Stored entries
↓↓↓
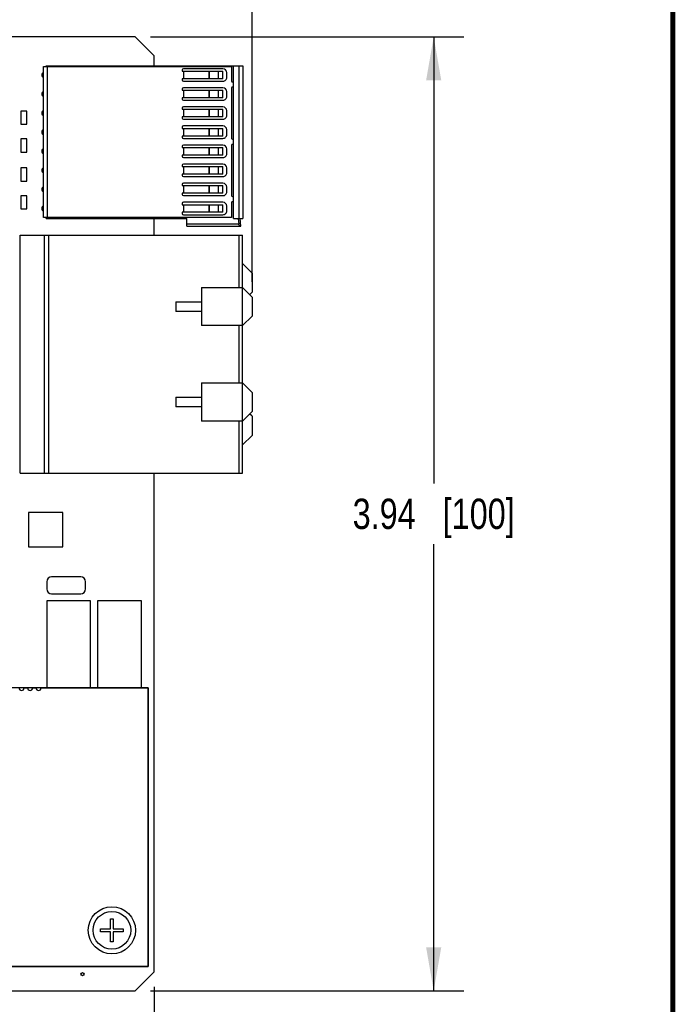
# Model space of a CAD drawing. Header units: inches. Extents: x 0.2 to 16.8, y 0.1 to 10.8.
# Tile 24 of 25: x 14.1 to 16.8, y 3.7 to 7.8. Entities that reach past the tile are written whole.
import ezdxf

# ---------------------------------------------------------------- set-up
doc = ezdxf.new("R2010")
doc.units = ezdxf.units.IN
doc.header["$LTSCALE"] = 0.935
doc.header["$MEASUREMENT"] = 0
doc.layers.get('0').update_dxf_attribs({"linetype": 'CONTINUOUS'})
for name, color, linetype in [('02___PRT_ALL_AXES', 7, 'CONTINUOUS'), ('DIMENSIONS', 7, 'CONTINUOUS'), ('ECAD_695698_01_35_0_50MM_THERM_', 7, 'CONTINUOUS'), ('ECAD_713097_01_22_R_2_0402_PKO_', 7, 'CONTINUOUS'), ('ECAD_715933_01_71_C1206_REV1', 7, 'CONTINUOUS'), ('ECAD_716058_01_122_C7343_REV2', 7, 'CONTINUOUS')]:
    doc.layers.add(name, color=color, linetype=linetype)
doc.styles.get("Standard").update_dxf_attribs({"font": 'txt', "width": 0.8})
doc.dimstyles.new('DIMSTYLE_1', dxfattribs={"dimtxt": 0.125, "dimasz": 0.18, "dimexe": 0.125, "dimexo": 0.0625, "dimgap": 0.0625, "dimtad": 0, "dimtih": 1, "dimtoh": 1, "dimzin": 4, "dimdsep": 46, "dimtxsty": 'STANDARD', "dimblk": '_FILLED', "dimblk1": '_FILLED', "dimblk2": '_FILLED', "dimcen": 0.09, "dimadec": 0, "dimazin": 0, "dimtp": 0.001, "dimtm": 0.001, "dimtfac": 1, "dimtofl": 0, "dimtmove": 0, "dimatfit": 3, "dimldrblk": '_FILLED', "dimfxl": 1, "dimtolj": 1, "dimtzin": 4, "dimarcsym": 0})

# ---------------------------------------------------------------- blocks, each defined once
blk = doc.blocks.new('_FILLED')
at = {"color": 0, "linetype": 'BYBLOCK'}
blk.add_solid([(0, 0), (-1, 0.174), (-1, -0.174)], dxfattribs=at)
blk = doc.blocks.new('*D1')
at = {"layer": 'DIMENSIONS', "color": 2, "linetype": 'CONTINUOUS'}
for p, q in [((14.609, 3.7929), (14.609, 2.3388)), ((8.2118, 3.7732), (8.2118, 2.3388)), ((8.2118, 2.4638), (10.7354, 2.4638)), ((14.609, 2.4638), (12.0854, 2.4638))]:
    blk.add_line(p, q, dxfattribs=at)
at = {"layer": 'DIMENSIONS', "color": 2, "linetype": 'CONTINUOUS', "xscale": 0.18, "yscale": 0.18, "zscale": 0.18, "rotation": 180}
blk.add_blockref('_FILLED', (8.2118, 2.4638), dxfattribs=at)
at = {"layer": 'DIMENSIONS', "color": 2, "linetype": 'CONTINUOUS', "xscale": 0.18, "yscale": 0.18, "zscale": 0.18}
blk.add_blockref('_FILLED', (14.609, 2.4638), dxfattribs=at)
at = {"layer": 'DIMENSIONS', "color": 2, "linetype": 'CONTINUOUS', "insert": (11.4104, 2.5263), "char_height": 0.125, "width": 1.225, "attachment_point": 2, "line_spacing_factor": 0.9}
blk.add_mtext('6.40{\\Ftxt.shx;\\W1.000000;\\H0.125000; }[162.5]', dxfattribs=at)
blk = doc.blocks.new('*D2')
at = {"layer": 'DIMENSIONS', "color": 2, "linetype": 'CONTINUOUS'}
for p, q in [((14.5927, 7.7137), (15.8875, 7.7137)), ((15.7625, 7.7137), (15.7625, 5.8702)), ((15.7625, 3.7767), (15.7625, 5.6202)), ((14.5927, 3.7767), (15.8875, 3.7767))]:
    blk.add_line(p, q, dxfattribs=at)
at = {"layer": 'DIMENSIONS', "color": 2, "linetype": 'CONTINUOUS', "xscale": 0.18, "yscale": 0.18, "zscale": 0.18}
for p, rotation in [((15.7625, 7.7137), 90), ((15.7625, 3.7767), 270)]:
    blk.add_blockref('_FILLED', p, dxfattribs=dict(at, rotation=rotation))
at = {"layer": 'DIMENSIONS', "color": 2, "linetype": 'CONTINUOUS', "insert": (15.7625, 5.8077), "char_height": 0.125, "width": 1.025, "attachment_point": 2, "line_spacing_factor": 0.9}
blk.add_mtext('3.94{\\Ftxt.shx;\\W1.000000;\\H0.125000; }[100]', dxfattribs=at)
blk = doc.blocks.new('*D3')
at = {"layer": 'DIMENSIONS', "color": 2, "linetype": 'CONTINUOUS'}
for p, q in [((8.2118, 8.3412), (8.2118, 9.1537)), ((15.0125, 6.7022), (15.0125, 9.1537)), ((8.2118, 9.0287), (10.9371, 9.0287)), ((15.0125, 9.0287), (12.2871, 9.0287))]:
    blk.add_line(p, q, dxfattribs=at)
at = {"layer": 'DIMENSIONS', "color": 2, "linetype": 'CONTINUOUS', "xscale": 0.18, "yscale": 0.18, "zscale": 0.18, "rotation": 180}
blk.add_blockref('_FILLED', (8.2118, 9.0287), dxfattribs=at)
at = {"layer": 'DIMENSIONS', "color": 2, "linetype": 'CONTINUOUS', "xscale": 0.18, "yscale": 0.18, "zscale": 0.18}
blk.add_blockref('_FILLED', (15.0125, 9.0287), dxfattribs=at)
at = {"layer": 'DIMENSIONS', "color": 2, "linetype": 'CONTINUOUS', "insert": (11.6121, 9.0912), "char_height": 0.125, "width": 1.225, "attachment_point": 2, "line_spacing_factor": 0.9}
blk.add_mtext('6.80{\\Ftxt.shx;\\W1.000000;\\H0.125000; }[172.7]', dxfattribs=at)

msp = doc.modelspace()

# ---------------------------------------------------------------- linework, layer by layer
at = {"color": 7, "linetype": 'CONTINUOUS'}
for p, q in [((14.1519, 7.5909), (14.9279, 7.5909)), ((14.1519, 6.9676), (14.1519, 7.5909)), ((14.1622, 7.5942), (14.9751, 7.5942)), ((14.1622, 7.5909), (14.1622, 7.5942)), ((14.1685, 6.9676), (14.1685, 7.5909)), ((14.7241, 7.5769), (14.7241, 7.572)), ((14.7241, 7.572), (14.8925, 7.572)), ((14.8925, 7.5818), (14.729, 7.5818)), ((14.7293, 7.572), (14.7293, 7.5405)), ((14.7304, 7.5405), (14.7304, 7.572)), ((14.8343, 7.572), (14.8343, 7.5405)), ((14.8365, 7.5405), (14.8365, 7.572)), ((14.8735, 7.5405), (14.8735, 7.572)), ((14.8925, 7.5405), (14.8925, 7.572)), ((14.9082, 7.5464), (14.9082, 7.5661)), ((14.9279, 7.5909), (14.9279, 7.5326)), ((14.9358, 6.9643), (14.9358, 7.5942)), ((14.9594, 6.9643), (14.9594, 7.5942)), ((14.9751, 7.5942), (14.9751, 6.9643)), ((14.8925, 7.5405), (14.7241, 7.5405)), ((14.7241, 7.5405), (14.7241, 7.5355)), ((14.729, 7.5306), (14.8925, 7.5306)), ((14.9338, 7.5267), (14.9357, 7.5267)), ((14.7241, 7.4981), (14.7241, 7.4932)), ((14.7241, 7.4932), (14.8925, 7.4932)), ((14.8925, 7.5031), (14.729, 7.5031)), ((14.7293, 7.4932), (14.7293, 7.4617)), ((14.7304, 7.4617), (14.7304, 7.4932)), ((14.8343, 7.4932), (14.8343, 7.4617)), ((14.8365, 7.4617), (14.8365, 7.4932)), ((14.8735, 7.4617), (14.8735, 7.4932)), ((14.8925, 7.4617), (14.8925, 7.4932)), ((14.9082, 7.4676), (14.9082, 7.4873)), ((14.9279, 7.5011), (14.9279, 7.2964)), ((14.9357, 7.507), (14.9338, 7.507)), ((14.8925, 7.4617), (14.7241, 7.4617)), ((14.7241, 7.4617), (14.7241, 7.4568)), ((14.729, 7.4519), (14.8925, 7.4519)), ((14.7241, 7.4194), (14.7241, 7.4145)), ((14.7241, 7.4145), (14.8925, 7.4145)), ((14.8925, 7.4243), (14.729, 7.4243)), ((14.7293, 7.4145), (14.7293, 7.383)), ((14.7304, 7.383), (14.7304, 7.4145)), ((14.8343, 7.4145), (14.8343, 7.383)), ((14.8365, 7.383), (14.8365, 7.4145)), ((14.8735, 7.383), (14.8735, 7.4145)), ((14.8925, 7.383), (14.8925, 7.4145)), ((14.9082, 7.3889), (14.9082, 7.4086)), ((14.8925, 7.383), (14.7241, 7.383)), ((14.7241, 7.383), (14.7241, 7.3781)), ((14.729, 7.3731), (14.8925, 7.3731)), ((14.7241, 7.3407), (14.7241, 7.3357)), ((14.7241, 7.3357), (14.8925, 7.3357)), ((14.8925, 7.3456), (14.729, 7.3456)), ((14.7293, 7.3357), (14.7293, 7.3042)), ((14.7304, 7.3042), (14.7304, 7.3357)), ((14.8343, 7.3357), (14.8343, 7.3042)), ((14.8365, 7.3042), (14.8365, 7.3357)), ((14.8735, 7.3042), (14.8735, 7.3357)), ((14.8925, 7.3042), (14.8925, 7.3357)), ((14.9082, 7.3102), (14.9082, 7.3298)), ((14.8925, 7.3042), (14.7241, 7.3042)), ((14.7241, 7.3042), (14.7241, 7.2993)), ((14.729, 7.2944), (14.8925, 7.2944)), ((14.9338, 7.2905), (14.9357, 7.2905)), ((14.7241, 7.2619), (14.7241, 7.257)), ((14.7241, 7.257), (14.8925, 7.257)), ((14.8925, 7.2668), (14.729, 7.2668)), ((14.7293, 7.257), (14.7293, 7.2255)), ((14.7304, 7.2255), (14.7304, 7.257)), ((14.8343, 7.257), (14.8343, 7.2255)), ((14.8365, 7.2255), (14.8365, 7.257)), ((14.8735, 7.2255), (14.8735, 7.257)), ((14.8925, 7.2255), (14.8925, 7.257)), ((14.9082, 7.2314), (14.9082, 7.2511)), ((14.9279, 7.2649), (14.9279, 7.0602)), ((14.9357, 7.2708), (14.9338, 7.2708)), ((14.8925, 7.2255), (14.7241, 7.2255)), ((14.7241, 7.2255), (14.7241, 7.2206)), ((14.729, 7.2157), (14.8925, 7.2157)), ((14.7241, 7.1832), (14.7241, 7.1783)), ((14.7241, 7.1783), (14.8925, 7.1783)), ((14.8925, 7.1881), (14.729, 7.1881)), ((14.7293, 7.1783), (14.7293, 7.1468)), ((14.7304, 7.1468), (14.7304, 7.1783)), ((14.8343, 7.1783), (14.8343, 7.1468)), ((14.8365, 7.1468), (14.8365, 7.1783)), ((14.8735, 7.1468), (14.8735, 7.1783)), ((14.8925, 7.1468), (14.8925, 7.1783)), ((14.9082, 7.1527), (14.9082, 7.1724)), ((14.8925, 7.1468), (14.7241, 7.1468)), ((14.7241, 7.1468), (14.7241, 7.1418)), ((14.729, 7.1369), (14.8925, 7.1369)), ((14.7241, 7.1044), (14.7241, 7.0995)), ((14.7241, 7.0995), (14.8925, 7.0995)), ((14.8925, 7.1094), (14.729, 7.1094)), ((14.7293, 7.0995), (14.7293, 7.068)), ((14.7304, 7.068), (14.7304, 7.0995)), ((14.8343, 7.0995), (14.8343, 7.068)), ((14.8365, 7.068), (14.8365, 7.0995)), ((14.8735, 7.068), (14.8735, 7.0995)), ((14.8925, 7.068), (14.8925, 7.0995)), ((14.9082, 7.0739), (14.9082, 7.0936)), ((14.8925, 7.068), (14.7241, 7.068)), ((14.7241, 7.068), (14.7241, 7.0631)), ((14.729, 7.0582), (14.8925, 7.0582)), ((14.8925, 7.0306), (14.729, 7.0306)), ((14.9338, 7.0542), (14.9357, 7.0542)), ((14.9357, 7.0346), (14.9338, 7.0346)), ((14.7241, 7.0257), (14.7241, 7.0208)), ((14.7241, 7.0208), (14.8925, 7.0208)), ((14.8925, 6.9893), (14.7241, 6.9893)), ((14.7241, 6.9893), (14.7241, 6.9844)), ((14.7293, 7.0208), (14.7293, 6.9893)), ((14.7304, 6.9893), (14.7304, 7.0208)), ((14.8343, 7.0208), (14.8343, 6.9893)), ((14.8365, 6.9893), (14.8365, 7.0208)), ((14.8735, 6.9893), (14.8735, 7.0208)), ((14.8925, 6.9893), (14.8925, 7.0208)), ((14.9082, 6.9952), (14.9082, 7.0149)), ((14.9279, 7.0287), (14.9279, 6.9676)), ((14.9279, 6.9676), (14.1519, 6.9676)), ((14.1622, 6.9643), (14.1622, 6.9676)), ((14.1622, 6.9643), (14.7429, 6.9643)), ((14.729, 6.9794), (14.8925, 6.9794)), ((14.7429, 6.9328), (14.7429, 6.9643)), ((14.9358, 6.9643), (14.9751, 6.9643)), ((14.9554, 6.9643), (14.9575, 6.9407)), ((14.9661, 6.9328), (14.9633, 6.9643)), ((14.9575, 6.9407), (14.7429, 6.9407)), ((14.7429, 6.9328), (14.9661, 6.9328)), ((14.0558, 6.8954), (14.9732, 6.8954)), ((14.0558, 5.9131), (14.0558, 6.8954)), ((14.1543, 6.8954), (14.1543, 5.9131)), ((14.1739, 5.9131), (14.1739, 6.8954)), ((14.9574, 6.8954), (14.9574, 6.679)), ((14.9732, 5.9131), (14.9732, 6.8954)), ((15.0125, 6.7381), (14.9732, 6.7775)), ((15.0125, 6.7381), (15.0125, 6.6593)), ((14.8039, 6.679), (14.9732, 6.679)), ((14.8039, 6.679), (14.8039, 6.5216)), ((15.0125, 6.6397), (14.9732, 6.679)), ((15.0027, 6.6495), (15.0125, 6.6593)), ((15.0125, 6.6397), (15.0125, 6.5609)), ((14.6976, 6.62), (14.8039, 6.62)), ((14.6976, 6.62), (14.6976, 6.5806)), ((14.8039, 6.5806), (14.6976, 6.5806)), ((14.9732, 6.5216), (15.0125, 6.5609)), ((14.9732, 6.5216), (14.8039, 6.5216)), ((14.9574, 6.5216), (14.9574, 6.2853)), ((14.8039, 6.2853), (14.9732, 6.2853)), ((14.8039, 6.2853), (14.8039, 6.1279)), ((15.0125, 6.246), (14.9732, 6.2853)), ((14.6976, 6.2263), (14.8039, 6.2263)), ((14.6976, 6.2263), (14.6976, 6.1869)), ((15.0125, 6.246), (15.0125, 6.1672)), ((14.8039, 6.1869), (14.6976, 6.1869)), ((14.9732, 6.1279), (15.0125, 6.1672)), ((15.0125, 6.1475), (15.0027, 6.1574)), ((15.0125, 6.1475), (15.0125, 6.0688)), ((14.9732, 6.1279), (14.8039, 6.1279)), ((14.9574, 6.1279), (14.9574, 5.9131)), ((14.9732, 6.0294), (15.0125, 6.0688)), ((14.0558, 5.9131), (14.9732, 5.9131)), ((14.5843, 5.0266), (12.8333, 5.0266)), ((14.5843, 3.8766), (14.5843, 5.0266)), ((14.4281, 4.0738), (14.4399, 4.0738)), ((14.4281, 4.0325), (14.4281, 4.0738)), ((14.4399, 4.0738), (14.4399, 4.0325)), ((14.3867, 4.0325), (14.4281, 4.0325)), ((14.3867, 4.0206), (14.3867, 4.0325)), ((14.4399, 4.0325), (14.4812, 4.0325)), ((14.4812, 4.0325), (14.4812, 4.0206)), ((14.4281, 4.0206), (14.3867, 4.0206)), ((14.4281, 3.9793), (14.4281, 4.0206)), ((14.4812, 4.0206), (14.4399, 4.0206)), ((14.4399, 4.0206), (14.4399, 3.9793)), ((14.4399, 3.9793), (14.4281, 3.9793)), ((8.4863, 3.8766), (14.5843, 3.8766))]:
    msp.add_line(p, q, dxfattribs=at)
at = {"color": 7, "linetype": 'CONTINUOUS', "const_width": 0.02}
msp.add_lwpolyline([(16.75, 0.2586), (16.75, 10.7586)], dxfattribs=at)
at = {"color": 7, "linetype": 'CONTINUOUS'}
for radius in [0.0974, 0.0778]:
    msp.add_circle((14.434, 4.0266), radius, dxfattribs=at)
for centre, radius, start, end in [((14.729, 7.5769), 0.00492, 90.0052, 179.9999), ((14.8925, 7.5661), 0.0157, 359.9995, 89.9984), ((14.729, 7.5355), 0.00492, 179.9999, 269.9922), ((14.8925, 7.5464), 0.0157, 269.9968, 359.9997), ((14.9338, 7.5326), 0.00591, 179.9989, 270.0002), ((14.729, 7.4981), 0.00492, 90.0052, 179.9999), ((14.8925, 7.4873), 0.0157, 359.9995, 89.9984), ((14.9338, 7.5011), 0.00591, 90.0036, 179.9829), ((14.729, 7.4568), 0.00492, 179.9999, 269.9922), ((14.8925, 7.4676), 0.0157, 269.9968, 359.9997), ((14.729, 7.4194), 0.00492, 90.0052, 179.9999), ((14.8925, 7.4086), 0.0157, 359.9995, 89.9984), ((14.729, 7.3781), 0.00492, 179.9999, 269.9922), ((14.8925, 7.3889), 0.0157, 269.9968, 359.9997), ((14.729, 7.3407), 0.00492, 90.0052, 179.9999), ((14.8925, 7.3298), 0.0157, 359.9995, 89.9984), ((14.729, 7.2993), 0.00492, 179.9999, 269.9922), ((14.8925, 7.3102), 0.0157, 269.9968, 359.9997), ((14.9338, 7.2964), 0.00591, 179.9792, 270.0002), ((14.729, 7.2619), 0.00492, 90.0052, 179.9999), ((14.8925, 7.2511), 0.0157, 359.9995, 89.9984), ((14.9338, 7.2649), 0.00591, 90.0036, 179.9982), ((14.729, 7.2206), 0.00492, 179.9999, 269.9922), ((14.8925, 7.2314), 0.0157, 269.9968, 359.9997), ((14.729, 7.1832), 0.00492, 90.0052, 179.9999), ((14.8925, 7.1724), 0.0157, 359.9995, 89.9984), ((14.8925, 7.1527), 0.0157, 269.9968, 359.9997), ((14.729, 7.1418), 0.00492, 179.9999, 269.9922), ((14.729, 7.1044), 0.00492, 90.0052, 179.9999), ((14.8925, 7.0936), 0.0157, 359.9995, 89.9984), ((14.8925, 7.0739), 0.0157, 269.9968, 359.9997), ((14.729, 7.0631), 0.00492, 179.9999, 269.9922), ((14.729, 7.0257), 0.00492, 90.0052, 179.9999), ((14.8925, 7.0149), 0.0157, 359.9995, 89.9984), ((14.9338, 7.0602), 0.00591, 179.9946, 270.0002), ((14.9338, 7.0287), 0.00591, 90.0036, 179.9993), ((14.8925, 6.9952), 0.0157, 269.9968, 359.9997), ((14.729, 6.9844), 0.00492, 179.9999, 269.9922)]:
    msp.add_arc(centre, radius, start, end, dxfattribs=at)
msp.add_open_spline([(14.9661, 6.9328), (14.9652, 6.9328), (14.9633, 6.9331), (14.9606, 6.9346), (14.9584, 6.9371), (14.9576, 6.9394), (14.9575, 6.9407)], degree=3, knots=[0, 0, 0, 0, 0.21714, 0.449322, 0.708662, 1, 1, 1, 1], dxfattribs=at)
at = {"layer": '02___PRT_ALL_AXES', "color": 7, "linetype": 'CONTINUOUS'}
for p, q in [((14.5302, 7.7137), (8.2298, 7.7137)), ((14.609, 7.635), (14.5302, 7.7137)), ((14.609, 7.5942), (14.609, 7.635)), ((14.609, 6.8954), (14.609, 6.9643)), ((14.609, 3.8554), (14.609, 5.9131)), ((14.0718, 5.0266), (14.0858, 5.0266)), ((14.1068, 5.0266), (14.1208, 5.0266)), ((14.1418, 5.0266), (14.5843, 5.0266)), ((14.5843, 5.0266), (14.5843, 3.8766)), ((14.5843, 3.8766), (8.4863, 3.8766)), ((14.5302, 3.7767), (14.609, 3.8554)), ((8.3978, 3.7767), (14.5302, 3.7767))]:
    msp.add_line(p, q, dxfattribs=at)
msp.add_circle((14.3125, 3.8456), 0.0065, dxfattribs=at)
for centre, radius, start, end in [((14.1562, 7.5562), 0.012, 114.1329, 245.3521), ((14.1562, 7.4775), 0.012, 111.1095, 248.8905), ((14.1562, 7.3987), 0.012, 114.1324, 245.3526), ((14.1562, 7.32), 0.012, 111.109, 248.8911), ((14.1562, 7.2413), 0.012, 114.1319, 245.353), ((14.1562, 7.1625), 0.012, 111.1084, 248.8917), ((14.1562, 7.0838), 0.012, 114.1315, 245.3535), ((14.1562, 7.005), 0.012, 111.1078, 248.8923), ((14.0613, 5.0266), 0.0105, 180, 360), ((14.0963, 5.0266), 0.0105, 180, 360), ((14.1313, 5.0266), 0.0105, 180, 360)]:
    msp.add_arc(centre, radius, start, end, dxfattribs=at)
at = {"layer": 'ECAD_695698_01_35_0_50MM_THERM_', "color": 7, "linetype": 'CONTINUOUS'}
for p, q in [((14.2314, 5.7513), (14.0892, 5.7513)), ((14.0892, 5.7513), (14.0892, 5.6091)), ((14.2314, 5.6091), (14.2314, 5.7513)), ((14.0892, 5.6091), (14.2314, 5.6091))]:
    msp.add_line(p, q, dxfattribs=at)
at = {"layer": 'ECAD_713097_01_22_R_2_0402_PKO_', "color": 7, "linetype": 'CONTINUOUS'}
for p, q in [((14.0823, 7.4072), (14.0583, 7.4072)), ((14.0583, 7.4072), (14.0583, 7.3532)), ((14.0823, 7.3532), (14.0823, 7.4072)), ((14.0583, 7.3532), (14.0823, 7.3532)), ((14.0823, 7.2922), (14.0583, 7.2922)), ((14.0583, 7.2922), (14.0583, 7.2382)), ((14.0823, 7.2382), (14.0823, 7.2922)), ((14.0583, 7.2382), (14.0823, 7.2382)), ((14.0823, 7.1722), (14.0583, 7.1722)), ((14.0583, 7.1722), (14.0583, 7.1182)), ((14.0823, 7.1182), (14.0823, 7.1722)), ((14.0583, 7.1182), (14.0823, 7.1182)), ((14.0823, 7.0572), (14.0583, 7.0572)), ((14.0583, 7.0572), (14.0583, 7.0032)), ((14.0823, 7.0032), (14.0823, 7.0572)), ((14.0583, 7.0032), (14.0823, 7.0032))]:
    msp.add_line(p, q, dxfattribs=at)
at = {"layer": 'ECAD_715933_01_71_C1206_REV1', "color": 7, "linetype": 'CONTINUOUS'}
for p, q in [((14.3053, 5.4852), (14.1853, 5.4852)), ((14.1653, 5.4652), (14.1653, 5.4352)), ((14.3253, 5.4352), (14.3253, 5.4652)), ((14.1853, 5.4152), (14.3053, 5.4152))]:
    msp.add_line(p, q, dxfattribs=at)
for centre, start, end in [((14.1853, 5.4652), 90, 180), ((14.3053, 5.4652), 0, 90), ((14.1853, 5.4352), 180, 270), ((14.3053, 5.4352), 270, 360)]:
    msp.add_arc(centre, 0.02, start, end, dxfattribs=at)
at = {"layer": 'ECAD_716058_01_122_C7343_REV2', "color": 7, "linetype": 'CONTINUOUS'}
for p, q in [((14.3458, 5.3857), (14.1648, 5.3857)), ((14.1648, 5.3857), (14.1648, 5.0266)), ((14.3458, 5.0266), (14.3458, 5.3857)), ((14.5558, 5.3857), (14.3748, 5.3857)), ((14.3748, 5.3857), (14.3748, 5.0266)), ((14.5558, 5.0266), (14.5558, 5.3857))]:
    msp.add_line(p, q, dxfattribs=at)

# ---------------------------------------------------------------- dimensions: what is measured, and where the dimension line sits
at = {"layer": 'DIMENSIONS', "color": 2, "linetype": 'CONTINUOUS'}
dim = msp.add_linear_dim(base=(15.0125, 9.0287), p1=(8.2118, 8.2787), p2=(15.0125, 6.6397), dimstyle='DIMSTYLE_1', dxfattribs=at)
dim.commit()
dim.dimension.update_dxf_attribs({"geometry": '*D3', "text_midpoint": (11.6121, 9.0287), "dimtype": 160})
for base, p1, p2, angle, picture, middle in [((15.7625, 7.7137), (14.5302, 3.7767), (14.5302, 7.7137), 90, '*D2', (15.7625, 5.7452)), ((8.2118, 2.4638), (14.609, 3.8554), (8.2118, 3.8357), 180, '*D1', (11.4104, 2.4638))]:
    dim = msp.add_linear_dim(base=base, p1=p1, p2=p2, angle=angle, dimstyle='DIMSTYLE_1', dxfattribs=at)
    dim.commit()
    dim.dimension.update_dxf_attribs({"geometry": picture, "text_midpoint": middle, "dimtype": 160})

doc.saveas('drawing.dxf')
↑↑↑
[Work required]:
Tally every line of the entries that contains the word "geometry", and respond with that number only.

[Answer space]:
2